Situated over 4,000 meters beneath the Pacific Ocean’s surface, the environment is pitch black and near freezing. With no sunlight penetration, the ocean floor unfolds as expansive, seemingly lifeless plains. Here, countless smooth, potato-sized rocks known as polymetallic nodules lie embedded in the sediment, untouched for millennia.
These nodules have gained global scientific and industrial attention due to their high concentrations of valuable metals like manganese, nickel, and cobalt, all critical components for modern battery technology and clean energy solutions. The greatest deposits are found in the Clarion-Clipperton Zone, a remote oceanic region stretching between Hawaii and Mexico that is becoming the focus of deep-sea mining discussions.

Researchers previously believed that oxygen in these depths slowly descended from surface waters, replenished by ocean circulation, with the seafloor being a zone consuming oxygen rather than generating it. This viewpoint has been challenged by the recent unexpected detection of dark oxygen—oxygen created without sunlight or traditional photosynthesis.
Probing Oxygen Dynamics in the Deep Sea
The breakthrough was achieved by Andrew Sweetman at the Scottish Association for Marine Science and his team, who set out to quantify oxygen consumption by benthic organisms in the Clarion-Clipperton Zone.
Using benthic chambers—devices that isolate a portion of seafloor and monitor chemical shifts over time—the researchers expected oxygen levels inside these enclosures to steadily decline, a measure of respiration in seafloor sediments. These chambers are standard tools in marine research.
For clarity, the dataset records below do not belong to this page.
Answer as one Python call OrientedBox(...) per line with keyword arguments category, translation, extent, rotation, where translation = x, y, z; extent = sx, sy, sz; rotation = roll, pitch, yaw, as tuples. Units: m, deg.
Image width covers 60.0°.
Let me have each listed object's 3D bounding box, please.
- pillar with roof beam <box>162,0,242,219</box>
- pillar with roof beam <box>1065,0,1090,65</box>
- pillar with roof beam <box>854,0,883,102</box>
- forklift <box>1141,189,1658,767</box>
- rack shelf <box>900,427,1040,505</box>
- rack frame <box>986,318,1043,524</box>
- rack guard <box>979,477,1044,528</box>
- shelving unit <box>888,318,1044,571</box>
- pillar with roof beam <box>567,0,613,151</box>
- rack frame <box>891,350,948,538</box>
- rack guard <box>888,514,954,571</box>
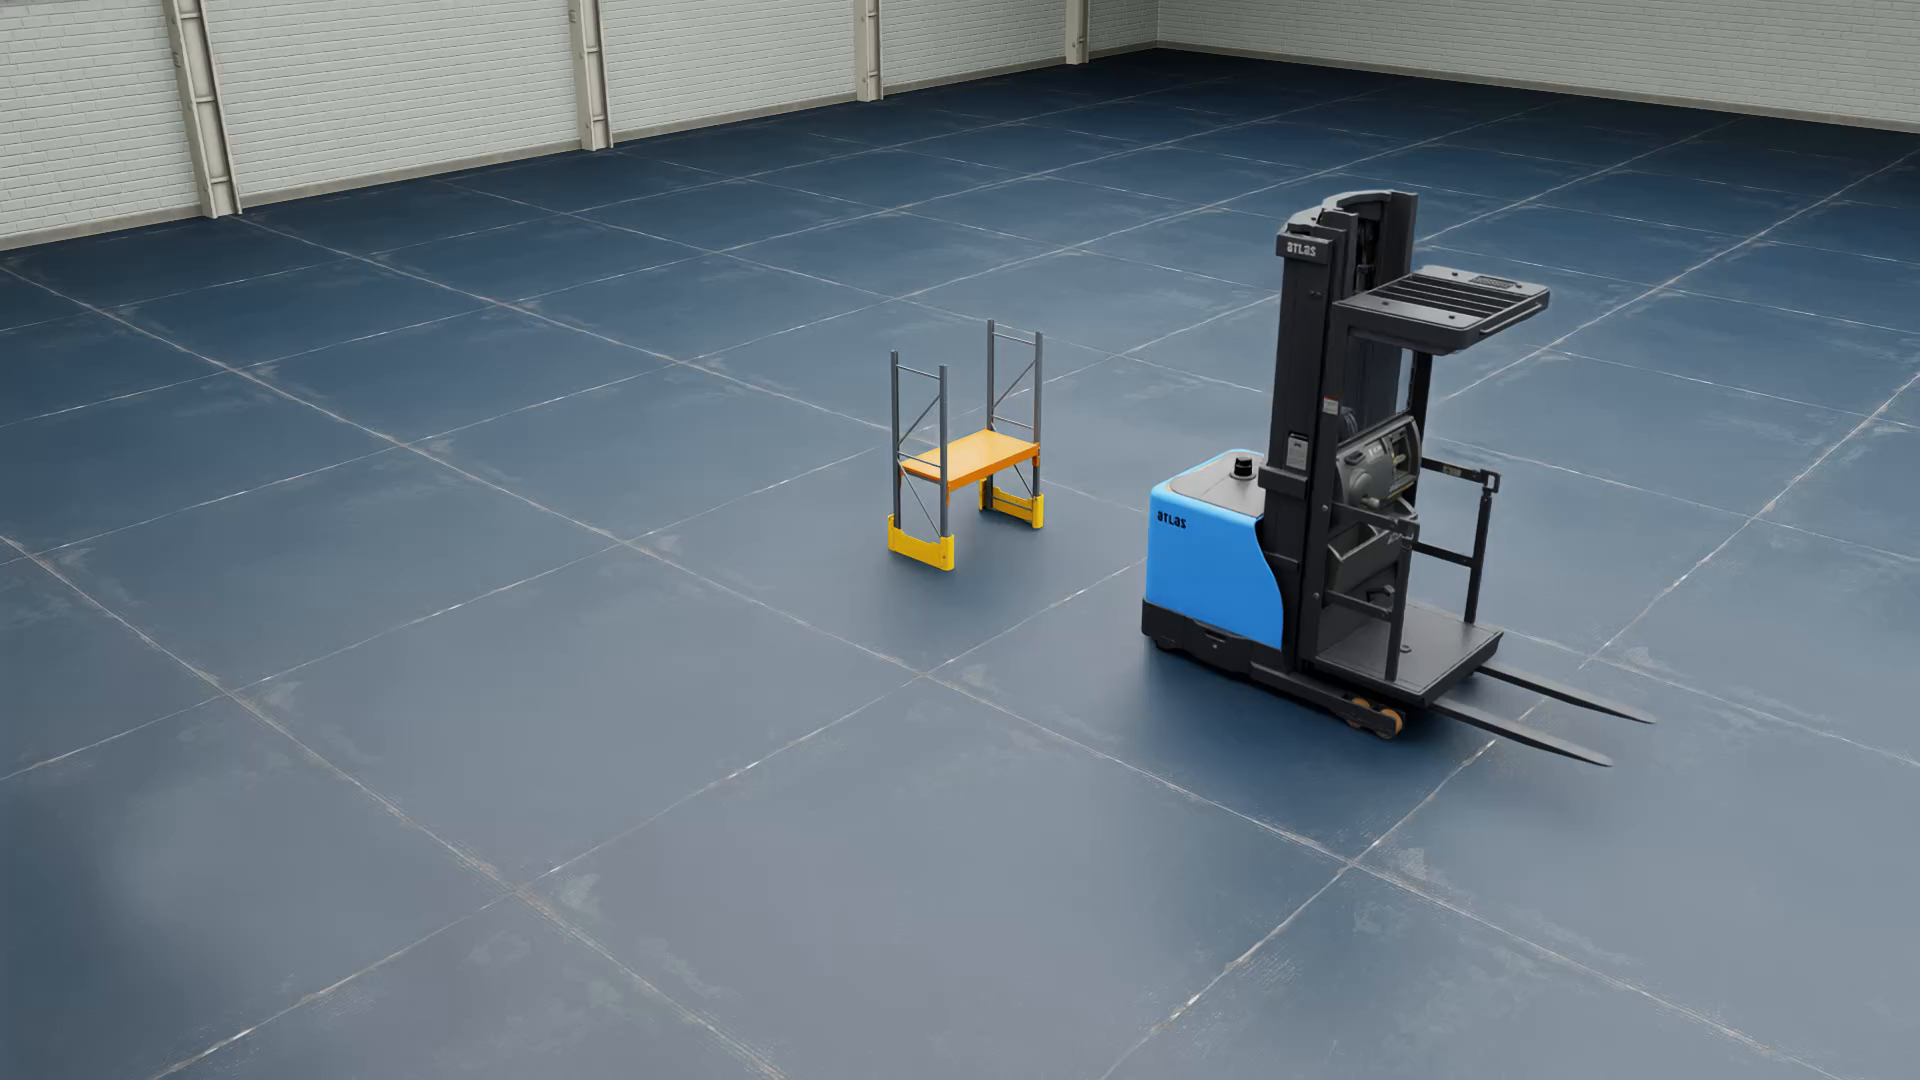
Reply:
OrientedBox(category="pillar with roof beam", translation=(-6.425, -7.185, 17.248), extent=(9.100, 9.000, 0.400), rotation=(20, 31, 38))
OrientedBox(category="pillar with roof beam", translation=(5.589, -12.669, 29.479), extent=(9.100, 9.000, 0.400), rotation=(20, 31, 38))
OrientedBox(category="pillar with roof beam", translation=(1.584, -10.841, 25.402), extent=(9.100, 9.000, 0.400), rotation=(20, 31, 38))
OrientedBox(category="forklift", translation=(2.603, -0.428, 9.594), extent=(3.031, 2.935, 1.130), rotation=(20, 31, 38))
OrientedBox(category="rack shelf", translation=(0.057, -0.546, 12.046), extent=(0.538, 0.185, 1.000), rotation=(20, 31, 38))
OrientedBox(category="rack frame", translation=(0.396, -0.865, 12.318), extent=(0.500, 1.500, 0.032), rotation=(20, 31, 38))
OrientedBox(category="rack guard", translation=(0.383, -0.289, 12.560), extent=(0.587, 0.250, 0.087), rotation=(20, 31, 38))
OrientedBox(category="shelving unit", translation=(0.051, -0.708, 11.966), extent=(0.587, 1.500, 1.083), rotation=(20, 31, 38))
OrientedBox(category="pillar with roof beam", translation=(-2.420, -9.013, 21.325), extent=(9.100, 9.000, 0.400), rotation=(20, 31, 38))
OrientedBox(category="rack frame", translation=(-0.282, -0.555, 11.627), extent=(0.500, 1.500, 0.032), rotation=(20, 31, 38))
OrientedBox(category="rack guard", translation=(-0.281, 0.014, 11.883), extent=(0.587, 0.250, 0.087), rotation=(20, 31, 38))

Contrary to expectations, oxygen concentrations rose significantly during the experiments—sometimes surpassing levels in the surrounding seawater. The July 2024 publication in Nature Geoscience details repeated controlled measurements confirming this phenomenon.
Subsequent analysis revealed that these polymetallic nodules exhibited voltage readings near one volt, suggesting that internal electrical gradients might drive electrolysis—the splitting of seawater molecules into hydrogen and oxygen—in complete darkness.
Natural Geobatteries Beneath the Waves
The unique layered structure of polymetallic nodules, composed of manganese, nickel, and cobalt built up over millions of years, creates chemically intricate, electrically conductive formations on the ocean floor.
Potential minute voltage differences across their mineral layers could facilitate electrolysis without light, setting them apart from photosynthesis, the dominant oxygen-producing process on Earth. This finding proposes a fascinating, previously unconsidered role for rocks in generating oxygen in deep-ocean ecosystems.

The Deep Sea Conservation Coalition highlights this groundbreaking discovery, emphasizing that polymetallic nodules grow at an extremely slow pace and may play a vital ecological role beyond hosting marine life.
Implications Amid Growing Mining Interests
The Clarion-Clipperton Zone is recognized as one of the most metal-rich seabed regions on the planet. Industry sources like Ocean Mining Intel describe its enormous reserves of manganese, nickel, and cobalt, positioning it as a hotspot for upcoming deep-sea mining ventures.
While companies promote the extraction of these metals to fuel large-scale battery manufacturing, marine ecologists investigate the environmental consequences of disrupting these nodules. The revelation that these rocks may also be generating dark oxygen adds a new dimension to understanding the seafloor ecosystem and informs the debate on sustainable resource extraction.
Certain stakeholders raise concerns about whether the observed oxygen increases result from genuine natural processes or measurement inconsistencies. However, the authors of the Nature Geoscience study affirm the rigor and reproducibility of their results while calling for further investigation to fully unravel the mechanisms behind this oxygen generation.